A major reason why we want to assign number to things is that it allows comparison. In science, it frequently allows very rigorous comparison via the use of statistical analysis. But we can only do this if we know that our scale has certain properties. In rating food likes or sensory properties, scales like the wine 100-point scale are often used and the resultant data can be used to statistically compare products with one another. We can seldom talk about these properties in the same way we talk about weight, for example. It is difficult to make statements that one product is liked twice as much as another using the scales that are commonly used. However, we can usually talk about relative degrees of difference: so, a difference between 70 and 90 on a scale ought to mean the same as the difference between 50 and 70. Without using the whole scale however, it is not certain that such judgments could be made.
It is relatively common to compare foods from different manufacturers, if they are of the same type. We can compare Swiss milk chocolate with those from other countries, for example. But how do we compare a French pinot noir with one from New Zealand or the USA unless they are all made to be like one another? With wines, there are difficulties comparing on an equivalent basis, or like with like: different methods of growth, production, climate, season, intention, aging and so on. Which particular combination produces the Platonic ideal wine?
Preference, and to some extent quality (if we eliminate defects), is subjective. When a wine columnist gives a score of 96, they are valuing certain aspects of the wine in question. We might all agree that high acidity makes a wine tough to drink now, but what about astringency? A dry, puckering sensation might be a characteristic of some high quality red wines, but there are other wines that are judged as high in quality that are much softer in the mouth. You might trust Parker to tell you whether a wine was unbalanced or excessively astringent or that it will age well. You might even let him tell you that there were peach notes, and chocolate aromas, or that a wine was too redolent of “green bananas still on the tree”, but surely it is up to you as a wine drinker to decide whether it is a style that suits you.
I recently saw for the first time a wine columnist give two scores – one out of 100, which he labeled “empiric” (sic), and another out of 10 for ‘subjective’ assessment, by which he presumably meant how much he liked it. And this belated acknowledgement that perhaps describing or rating a wine ought to have something to do with preference highlights a major issue with wine ratings. Do you like the same wines as Robert Parker? The high impact of such an influential critic carries with it the implication that you ought.

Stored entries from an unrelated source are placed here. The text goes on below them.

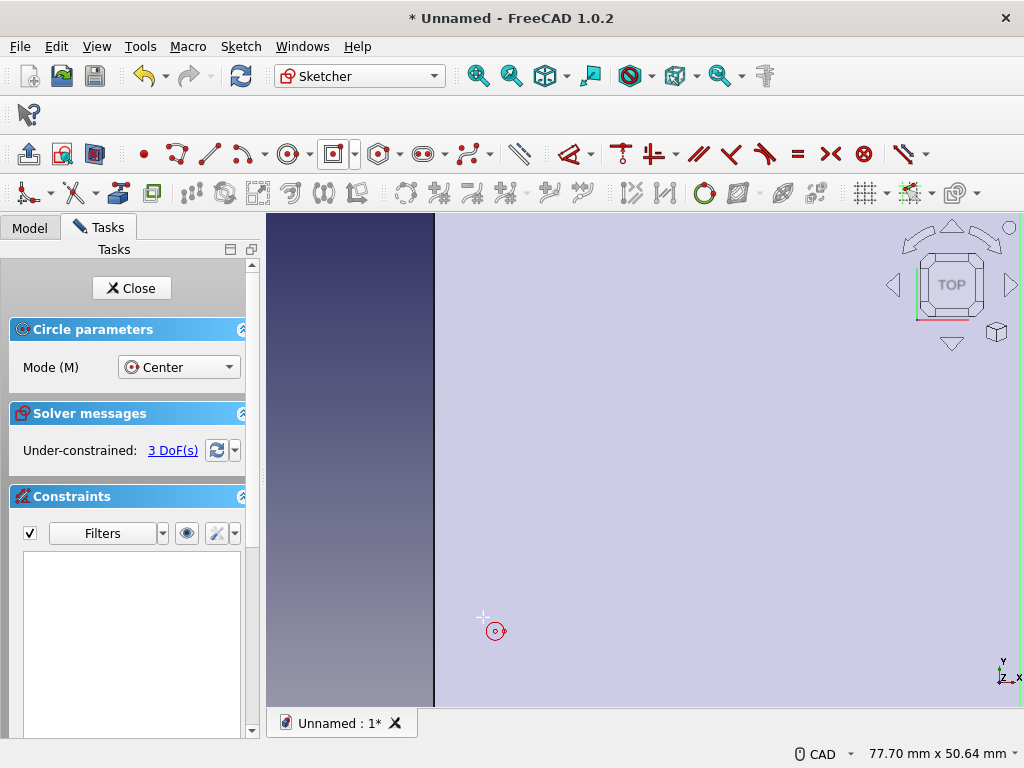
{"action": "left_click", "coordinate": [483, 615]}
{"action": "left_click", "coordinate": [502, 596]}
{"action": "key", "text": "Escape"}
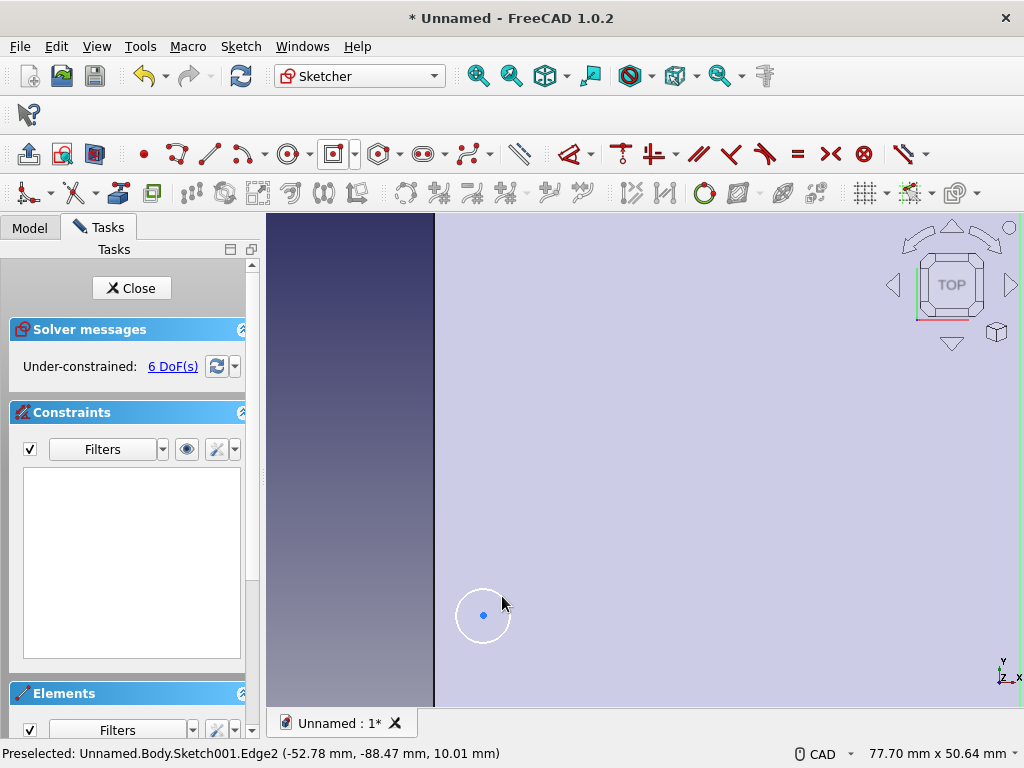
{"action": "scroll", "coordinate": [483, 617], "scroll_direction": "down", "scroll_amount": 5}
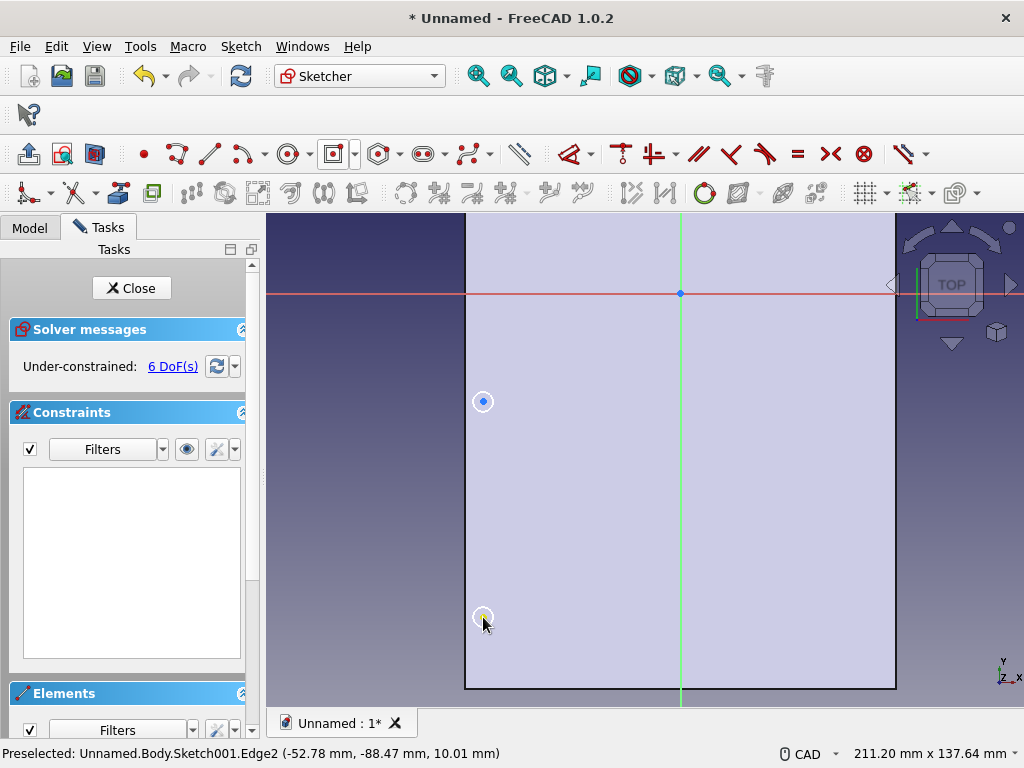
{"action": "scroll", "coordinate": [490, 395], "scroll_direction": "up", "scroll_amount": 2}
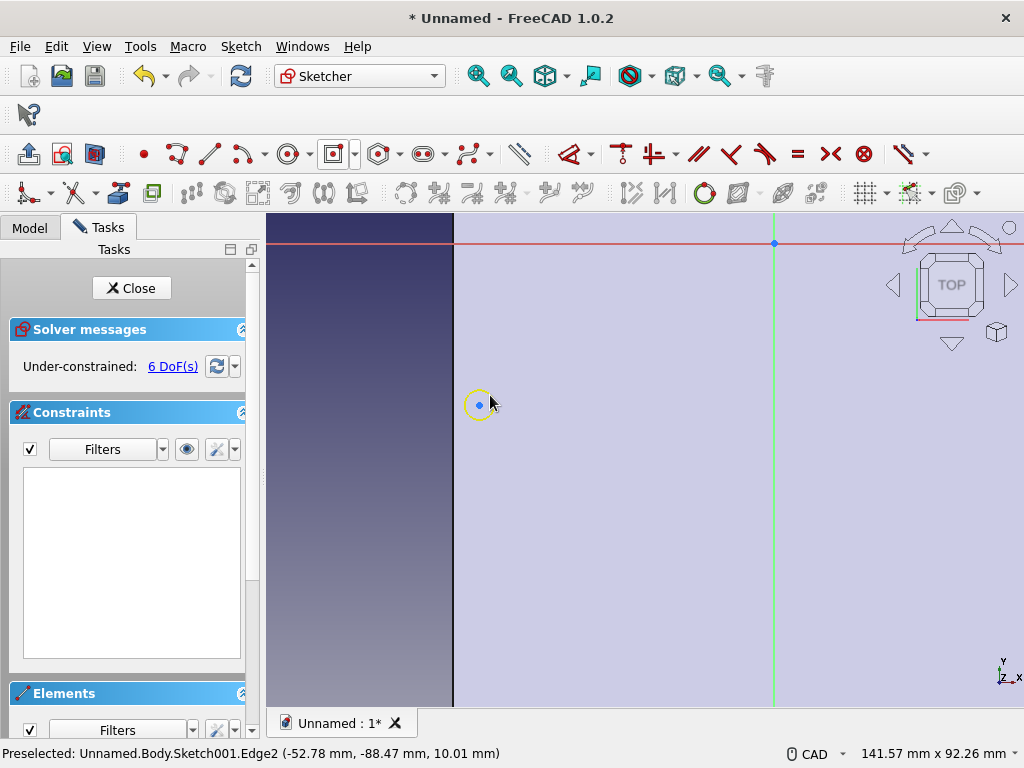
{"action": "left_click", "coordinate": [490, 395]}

At heart, wine ratings are based on the idea that a perfect wine can be achieved, and that its perfection is independent of what wine consumers think. At least part of the unnecessary complexity and inconsistency of such ratings, as well as their absence of scientific rigor, comes from this notion. This seems odd given that wines are drunk to give pleasure and that may vary from person to person. On one level, I can therefore make a case that a $10 chardonnay can be just a good as a $100 chardonnay if your palate says that it is.